# Toys for pygmy goats



## Deane marine (Jul 9, 2011)

Hi I have 2 Pygmy goats and I need idea on toys please all I have is some big logs at mo


----------



## liz (Oct 5, 2007)

I have a big dirt pile as well as a tractor trailer tire buried upright, half in the ground...they jump on it as well as go through the center of it to scratch themselves....childrens playschool type outdoor toys work great too.


----------



## naturalgoats (Jan 3, 2011)

make a toy out of string threaded through little blocks of wood alternated with carrots. apply molasses and hang in such a way that it is higher than their heads and swings around....


----------



## Randi (Apr 22, 2011)

We got a Tykes sliding board from Free Cycle, some old tires, Bean Bag Chairs and a papasan chair that used to belong to the cat.


----------



## Jessaba (May 13, 2010)

we just built a small bridge and ramp for them to go up and down...anything for them to jump on they love!


----------



## Frosty1 (Jul 12, 2011)

You know those spools that Lowe's puts wire on?
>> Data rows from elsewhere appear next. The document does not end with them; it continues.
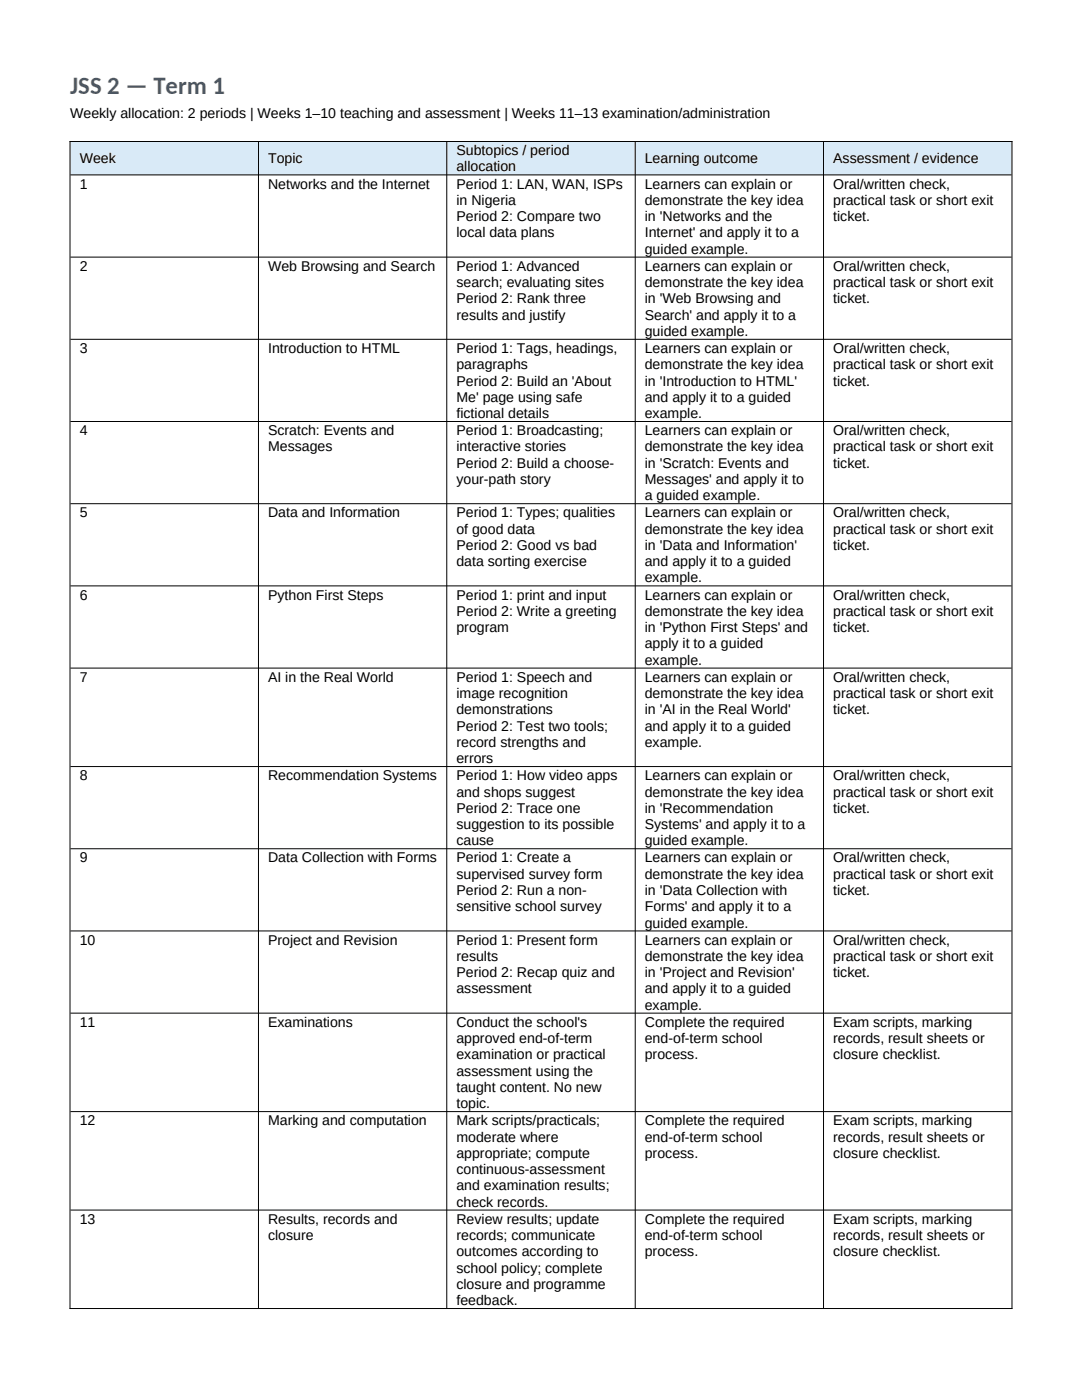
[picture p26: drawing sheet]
<svg xmlns="http://www.w3.org/2000/svg" width="216mm" height="279mm" viewBox="0 0 216 279" stroke-linecap="round" stroke-linejoin="round" font-family="sans-serif">
<defs><g id="words">
<text font-size="4.9" fill="#365f91" x="14" y="18.7">JSS 2 — Term 1</text>
<g font-size="2.8">
<text x="14" y="23.5">Weekly allocation: 2 periods | Weeks 1–10 teaching and assessment | Weeks 11–13 examination/administration</text>
<text x="15.9" y="32.6">Week</text>
<text x="53.5" y="32.6">Topic</text>
<text x="91.1" y="31">Subtopics / period</text>
<text x="91.1" y="34.2">allocation</text>
<text x="128.7" y="32.6">Learning outcome</text>
<text x="166.3" y="32.6">Assessment / evidence</text>
<text x="15.9" y="37.6">1</text>
<text x="53.5" y="37.6">Networks and the Internet</text>
<text x="91.1" y="37.6">Period 1: LAN, WAN, ISPs</text>
<text x="91.1" y="40.9">in Nigeria</text>
<text x="128.7" y="37.6">Learners can explain or</text>
<text x="128.7" y="40.9">demonstrate the key idea</text>
<text x="166.3" y="37.6">Oral/written check,</text>
<text x="166.3" y="40.9">practical task or short exit</text>
<text x="91.1" y="44.1">Period 2: Compare two</text>
<text x="91.1" y="47.4">local data plans</text>
<text x="128.7" y="44.1">in 'Networks and the</text>
<text x="128.7" y="47.4">Internet' and apply it to a</text>
<text x="166.3" y="44.1">ticket.</text>
<text x="128.7" y="50.6">guided example.</text>
<text x="15.9" y="54">2</text>
<text x="53.5" y="54">Web Browsing and Search</text>
<text x="91.1" y="54">Period 1: Advanced</text>
<text x="91.1" y="57.3">search; evaluating sites</text>
<text x="128.7" y="54">Learners can explain or</text>
<text x="128.7" y="57.3">demonstrate the key idea</text>
<text x="166.3" y="54">Oral/written check,</text>
<text x="166.3" y="57.3">practical task or short exit</text>
<text x="91.1" y="60.5">Period 2: Rank three</text>
<text x="91.1" y="63.8">results and justify</text>
<text x="128.7" y="60.5">in 'Web Browsing and</text>
<text x="128.7" y="63.8">Search' and apply it to a</text>
<text x="166.3" y="60.5">ticket.</text>
<text x="15.9" y="70.4">3</text>
<text x="53.5" y="70.4">Introduction to HTML</text>
<text x="91.1" y="70.4">Period 1: Tags, headings,</text>
<text x="128.7" y="67">guided example.</text>
<text x="128.7" y="70.4">Learners can explain or</text>
<text x="166.3" y="70.4">Oral/written check,</text>
<text x="91.1" y="73.7">paragraphs</text>
<text x="91.1" y="76.9">Period 2: Build an 'About</text>
<text x="128.7" y="73.7">demonstrate the key idea</text>
<text x="128.7" y="76.9">in 'Introduction to HTML'</text>
<text x="166.3" y="73.7">practical task or short exit</text>
<text x="166.3" y="76.9">ticket.</text>
<text x="91.1" y="80.2">Me' page using safe</text>
<text x="91.1" y="83.4">fictional details</text>
<text x="128.7" y="80.2">and apply it to a guided</text>
<text x="128.7" y="83.4">example.</text>
<text x="15.9" y="86.9">4</text>
<text x="53.5" y="86.9">Scratch: Events and</text>
<text x="91.1" y="86.9">Period 1: Broadcasting;</text>
<text x="128.7" y="86.9">Learners can explain or</text>
<text x="166.3" y="86.9">Oral/written check,</text>
<text x="53.5" y="90.1">Messages</text>
<text x="91.1" y="90.1">interactive stories</text>
<text x="91.1" y="93.3">Period 2: Build a choose-</text>
<text x="128.7" y="90.1">demonstrate the key idea</text>
<text x="128.7" y="93.3">in 'Scratch: Events and</text>
<text x="166.3" y="90.1">practical task or short exit</text>
<text x="166.3" y="93.3">ticket.</text>
<text x="91.1" y="96.6">your-path story</text>
<text x="128.7" y="96.6">Messages' and apply it to</text>
<text x="128.7" y="99.8">a guided example.</text>
<text x="15.9" y="103.3">5</text>
<text x="53.5" y="103.3">Data and Information</text>
<text x="91.1" y="103.3">Period 1: Types; qualities</text>
<text x="91.1" y="106.5">of good data</text>
<text x="128.7" y="103.3">Learners can explain or</text>
<text x="128.7" y="106.5">demonstrate the key idea</text>
<text x="166.3" y="103.3">Oral/written check,</text>
<text x="166.3" y="106.5">practical task or short exit</text>
<text x="91.1" y="109.7">Period 2: Good vs bad</text>
<text x="91.1" y="113">data sorting exercise</text>
<text x="128.7" y="109.7">in 'Data and Information'</text>
<text x="128.7" y="113">and apply it to a guided</text>
<text x="166.3" y="109.7">ticket.</text>
<text x="15.9" y="119.7">6</text>
<text x="53.5" y="119.7">Python First Steps</text>
<text x="91.1" y="119.7">Period 1: print and input</text>
<text x="128.7" y="116.2">example.</text>
<text x="128.7" y="119.7">Learners can explain or</text>
<text x="166.3" y="119.7">Oral/written check,</text>
<text x="91.1" y="122.9">Period 2: Write a greeting</text>
<text x="128.7" y="122.9">demonstrate the key idea</text>
<text x="166.3" y="122.9">practical task or short exit</text>
<text x="91.1" y="126.2">program</text>
<text x="128.7" y="126.2">in 'Python First Steps' and</text>
<text x="128.7" y="129.4">apply it to a guided</text>
<text x="166.3" y="126.2">ticket.</text>
<text x="15.9" y="136.1">7</text>
<text x="53.5" y="136.1">AI in the Real World</text>
<text x="91.1" y="136.1">Period 1: Speech and</text>
<text x="128.7" y="132.6">example.</text>
<text x="128.7" y="136.1">Learners can explain or</text>
<text x="166.3" y="136.1">Oral/written check,</text>
<text x="91.1" y="139.3">image recognition</text>
<text x="91.1" y="142.6">demonstrations</text>
<text x="128.7" y="139.3">demonstrate the key idea</text>
<text x="128.7" y="142.6">in 'AI in the Real World'</text>
<text x="166.3" y="139.3">practical task or short exit</text>
<text x="166.3" y="142.6">ticket.</text>
<text x="91.1" y="145.8">Period 2: Test two tools;</text>
<text x="91.1" y="149">record strengths and</text>
<text x="128.7" y="145.8">and apply it to a guided</text>
<text x="128.7" y="149">example.</text>
<text x="15.9" y="155.7">8</text>
<text x="53.5" y="155.7">Recommendation Systems</text>
<text x="91.1" y="152.3">errors</text>
<text x="91.1" y="155.7">Period 1: How video apps</text>
<text x="128.7" y="155.7">Learners can explain or</text>
<text x="166.3" y="155.7">Oral/written check,</text>
<text x="91.1" y="159">and shops suggest</text>
<text x="128.7" y="159">demonstrate the key idea</text>
<text x="166.3" y="159">practical task or short exit</text>
<text x="91.1" y="162.2">Period 2: Trace one</text>
<text x="91.1" y="165.5">suggestion to its possible</text>
<text x="128.7" y="162.2">in 'Recommendation</text>
<text x="128.7" y="165.5">Systems' and apply it to a</text>
<text x="166.3" y="162.2">ticket.</text>
<text x="15.9" y="172.1">9</text>
<text x="53.5" y="172.1">Data Collection with Forms</text>
<text x="91.1" y="168.7">cause</text>
<text x="91.1" y="172.1">Period 1: Create a</text>
<text x="128.7" y="168.7">guided example.</text>
<text x="128.7" y="172.1">Learners can explain or</text>
<text x="166.3" y="172.1">Oral/written check,</text>
<text x="91.1" y="175.4">supervised survey form</text>
<text x="91.1" y="178.6">Period 2: Run a non-</text>
<text x="128.7" y="175.4">demonstrate the key idea</text>
<text x="128.7" y="178.6">in 'Data Collection with</text>
<text x="166.3" y="175.4">practical task or short exit</text>
<text x="166.3" y="178.6">ticket.</text>
<text x="91.1" y="181.9">sensitive school survey</text>
<text x="128.7" y="181.9">Forms' and apply it to a</text>
<text x="128.7" y="185.1">guided example.</text>
<text x="15.9" y="188.5">10</text>
<text x="53.5" y="188.5">Project and Revision</text>
<text x="91.1" y="188.5">Period 1: Present form</text>
<text x="91.1" y="191.8">results</text>
<text x="128.7" y="188.5">Learners can explain or</text>
<text x="128.7" y="191.8">demonstrate the key idea</text>
<text x="166.3" y="188.5">Oral/written check,</text>
<text x="166.3" y="191.8">practical task or short exit</text>
<text x="91.1" y="195">Period 2: Recap quiz and</text>
<text x="128.7" y="195">in 'Project and Revision'</text>
<text x="166.3" y="195">ticket.</text>
<text x="91.1" y="198.3">assessment</text>
<text x="128.7" y="198.3">and apply it to a guided</text>
<text x="128.7" y="201.5">example.</text>
<text x="15.9" y="204.9">11</text>
<text x="53.5" y="204.9">Examinations</text>
<text x="91.1" y="204.9">Conduct the school's</text>
<text x="91.1" y="208.2">approved end-of-term</text>
<text x="128.7" y="204.9">Complete the required</text>
<text x="128.7" y="208.2">end-of-term school</text>
<text x="166.3" y="204.9">Exam scripts, marking</text>
<text x="166.3" y="208.2">records, result sheets or</text>
<text x="91.1" y="211.4">examination or practical</text>
<text x="91.1" y="214.7">assessment using the</text>
<text x="128.7" y="211.4">process.</text>
<text x="166.3" y="211.4">closure checklist.</text>
<text x="91.1" y="217.9">taught content. No new</text>
<text x="91.1" y="221.2">topic.</text>
<text x="15.9" y="224.6">12</text>
<text x="53.5" y="224.6">Marking and computation</text>
<text x="91.1" y="224.6">Mark scripts/practicals;</text>
<text x="91.1" y="227.8">moderate where</text>
<text x="128.7" y="224.6">Complete the required</text>
<text x="128.7" y="227.8">end-of-term school</text>
<text x="166.3" y="224.6">Exam scripts, marking</text>
<text x="166.3" y="227.8">records, result sheets or</text>
<text x="91.1" y="231.1">appropriate; compute</text>
<text x="128.7" y="231.1">process.</text>
<text x="166.3" y="231.1">closure checklist.</text>
<text x="91.1" y="234.3">continuous-assessment</text>
<text x="91.1" y="237.6">and examination results;</text>
<text x="15.9" y="244.2">13</text>
<text x="53.5" y="244.2">Results, records and</text>
<text x="91.1" y="240.8">check records.</text>
<text x="91.1" y="244.2">Review results; update</text>
<text x="128.7" y="244.2">Complete the required</text>
<text x="166.3" y="244.2">Exam scripts, marking</text>
<text x="53.5" y="247.5">closure</text>
<text x="91.1" y="247.5">records; communicate</text>
<text x="91.1" y="250.7">outcomes according to</text>
<text x="128.7" y="247.5">end-of-term school</text>
<text x="128.7" y="250.7">process.</text>
<text x="166.3" y="247.5">records, result sheets or</text>
<text x="166.3" y="250.7">closure checklist.</text>
<text x="91.1" y="254">school policy; complete</text>
<text x="91.1" y="257.2">closure and programme</text>
<text x="91.1" y="260.5">feedback.</text>
</g>
</g></defs>
<g fill="#d9eaf7">
<path d="M14 28.2h37.6v6.6h-37.6z" fill-rule="evenodd"/>
<path d="M51.6 28.2h37.5v6.6h-37.5z" fill-rule="evenodd"/>
<path d="M89.1 28.2h37.6v6.6h-37.6z" fill-rule="evenodd"/>
<path d="M126.8 28.2h37.5v6.6h-37.5z" fill-rule="evenodd"/>
<path d="M164.3 28.2h37.6v6.6h-37.6z" fill-rule="evenodd"/>
<path d="M14 28.2h37.6v6.6h-37.6z" fill-rule="evenodd"/>
<path d="M51.6 28.2h37.5v6.6h-37.5z" fill-rule="evenodd"/>
<path d="M89.1 28.2h37.6v6.6h-37.6z" fill-rule="evenodd"/>
<path d="M126.8 28.2h37.5v6.6h-37.5z" fill-rule="evenodd"/>
<path d="M164.3 28.2h37.6v6.6h-37.6z" fill-rule="evenodd"/>
</g>
<g fill="none" stroke="#000" stroke-width=".2">
<path d="M13.9 28.2h188.1M14 28.2v233M14.1 34.9h187.7M51.6 28.3v232.8M89.1 28.3v232.8M126.8 28.3v232.8M164.3 28.3v232.8M201.9 28.2v233M14.1 51.3h187.7M14.1 67.7h187.7M14.1 84.1h187.7M14.1 100.5h187.7"/>
<path d="M14.1 116.9h187.7M14.1 133.3h187.7M14.1 153h187.7M14.1 169.4h187.7M14.1 185.8h187.7M14.1 202.2h187.7M14.1 221.8h187.7M14.1 241.5h187.7M13.9 261.1h188.1"/>
</g>
<use href="#words"/>
</svg>

The huge ones? Take one of those and set it upright and put a piece of plywood on top of it. They love climbing on it.


----------



## Deane marine (Jul 9, 2011)

I got a big wooden spool for wire for them a a old sea boy they should like them :thumb:


----------



## myanjelicgirlz (Jul 19, 2011)

I used to have a lawn chair out for them, one of them loves to jump on it and will knock it down every onece in a while,lol, so make sure it's stable


----------